What you need to do: Word-for-word repetition of the records below is needed, but only from the line holding "Find the passage" through the final line, with pictures excluded.

Extracted data:
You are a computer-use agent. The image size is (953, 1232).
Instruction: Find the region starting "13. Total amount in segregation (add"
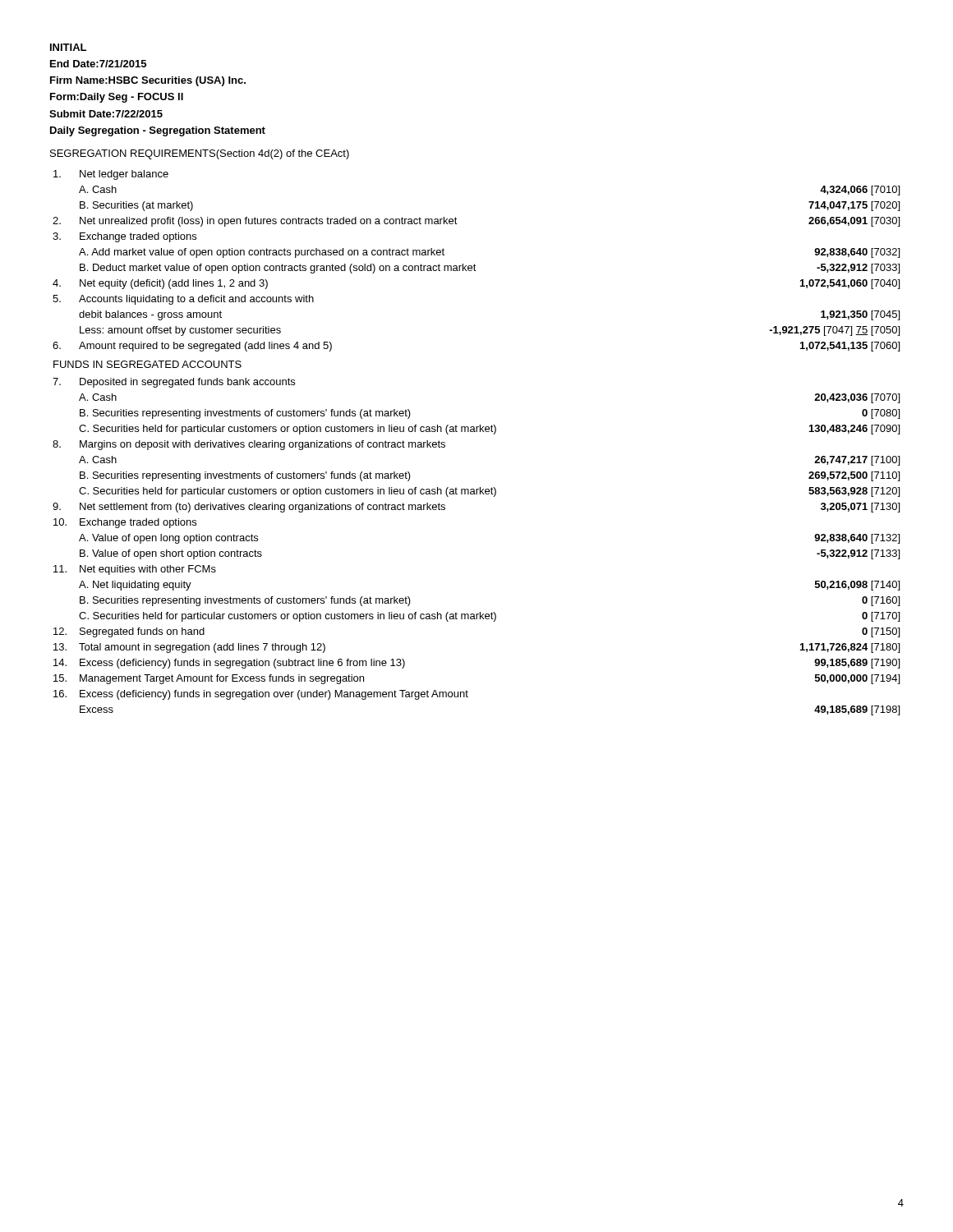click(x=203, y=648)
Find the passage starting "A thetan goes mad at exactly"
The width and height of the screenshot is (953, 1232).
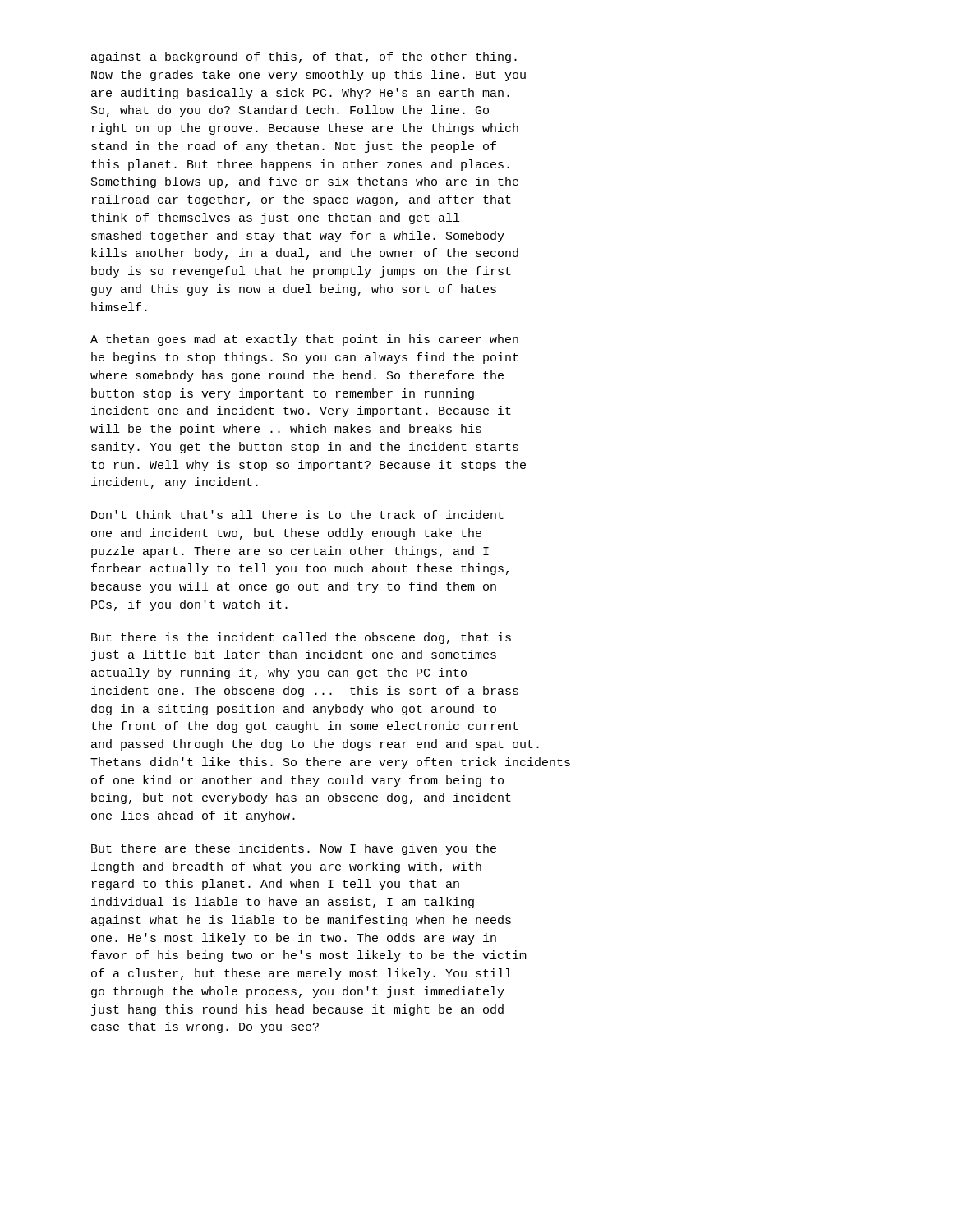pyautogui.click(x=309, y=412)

Completed exercise:
Find the passage starting "A thetan goes mad at exactly"
The width and height of the screenshot is (953, 1232).
pyautogui.click(x=309, y=412)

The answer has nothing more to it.